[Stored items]

•••

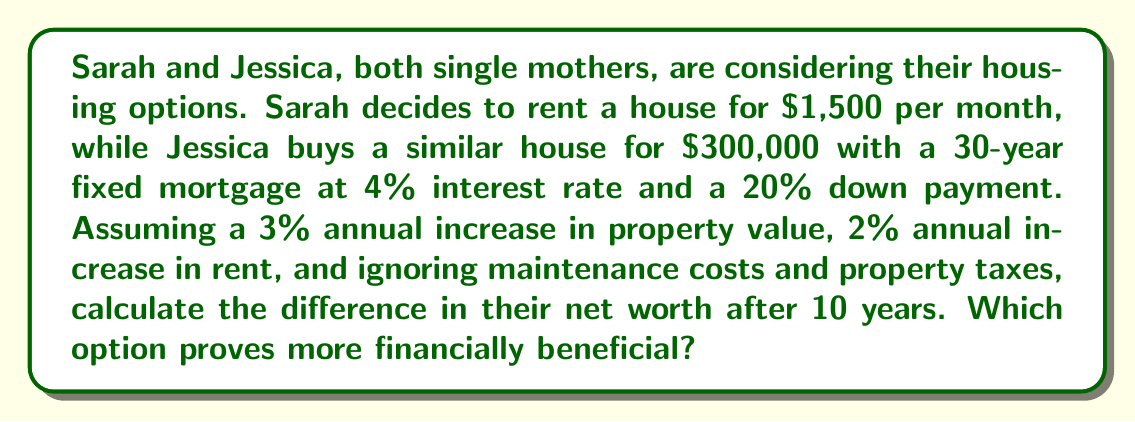Give your solution to this math problem. Let's break this down step-by-step:

1. Jessica's home purchase:
   a) Down payment: $300,000 * 20% = $60,000
   b) Loan amount: $300,000 - $60,000 = $240,000
   c) Monthly mortgage payment:
      $$P = L\frac{r(1+r)^n}{(1+r)^n-1}$$
      Where $P$ is the monthly payment, $L$ is the loan amount, $r$ is the monthly interest rate, and $n$ is the number of payments.
      $$P = 240000 \cdot \frac{0.04/12(1+0.04/12)^{360}}{(1+0.04/12)^{360}-1} \approx $1,145.80$$

   d) Total paid after 10 years: $1,145.80 * 12 * 10 = $137,496

   e) Remaining principal after 10 years:
      $$240000(1+0.04/12)^{120} - \frac{1145.80((1+0.04/12)^{120}-1)}{0.04/12} \approx $193,660.94$$

   f) Home value after 10 years with 3% annual appreciation:
      $$300000(1+0.03)^{10} \approx $403,070.88$$

   Jessica's net worth: $403,070.88 - $193,660.94 = $209,409.94

2. Sarah's renting scenario:
   a) Initial monthly rent: $1,500
   b) Total rent paid over 10 years with 2% annual increase:
      $$\sum_{i=0}^9 1500(1.02)^i * 12 \approx $196,677.97$$

   Sarah's net worth: $0 (assuming all rent is an expense)

3. Difference in net worth:
   Jessica's net worth - Sarah's net worth = $209,409.94 - $0 = $209,409.94
Answer: Buying is more financially beneficial, with a $209,409.94 difference in net worth after 10 years.

•••

__The task__. For each entry, copy the text exactly and leave out any image it carries.

__Problem solution__.
Give your solution to this math problem. Let's break this down step-by-step:

1. Jessica's home purchase:
   a) Down payment: $300,000 * 20% = $60,000
   b) Loan amount: $300,000 - $60,000 = $240,000
   c) Monthly mortgage payment:
      $$P = L\frac{r(1+r)^n}{(1+r)^n-1}$$
      Where $P$ is the monthly payment, $L$ is the loan amount, $r$ is the monthly interest rate, and $n$ is the number of payments.
      $$P = 240000 \cdot \frac{0.04/12(1+0.04/12)^{360}}{(1+0.04/12)^{360}-1} \approx $1,145.80$$

   d) Total paid after 10 years: $1,145.80 * 12 * 10 = $137,496

   e) Remaining principal after 10 years:
      $$240000(1+0.04/12)^{120} - \frac{1145.80((1+0.04/12)^{120}-1)}{0.04/12} \approx $193,660.94$$

   f) Home value after 10 years with 3% annual appreciation:
      $$300000(1+0.03)^{10} \approx $403,070.88$$

   Jessica's net worth: $403,070.88 - $193,660.94 = $209,409.94

2. Sarah's renting scenario:
   a) Initial monthly rent: $1,500
   b) Total rent paid over 10 years with 2% annual increase:
      $$\sum_{i=0}^9 1500(1.02)^i * 12 \approx $196,677.97$$

   Sarah's net worth: $0 (assuming all rent is an expense)

3. Difference in net worth:
   Jessica's net worth - Sarah's net worth = $209,409.94 - $0 = $209,409.94
Answer: Buying is more financially beneficial, with a $209,409.94 difference in net worth after 10 years.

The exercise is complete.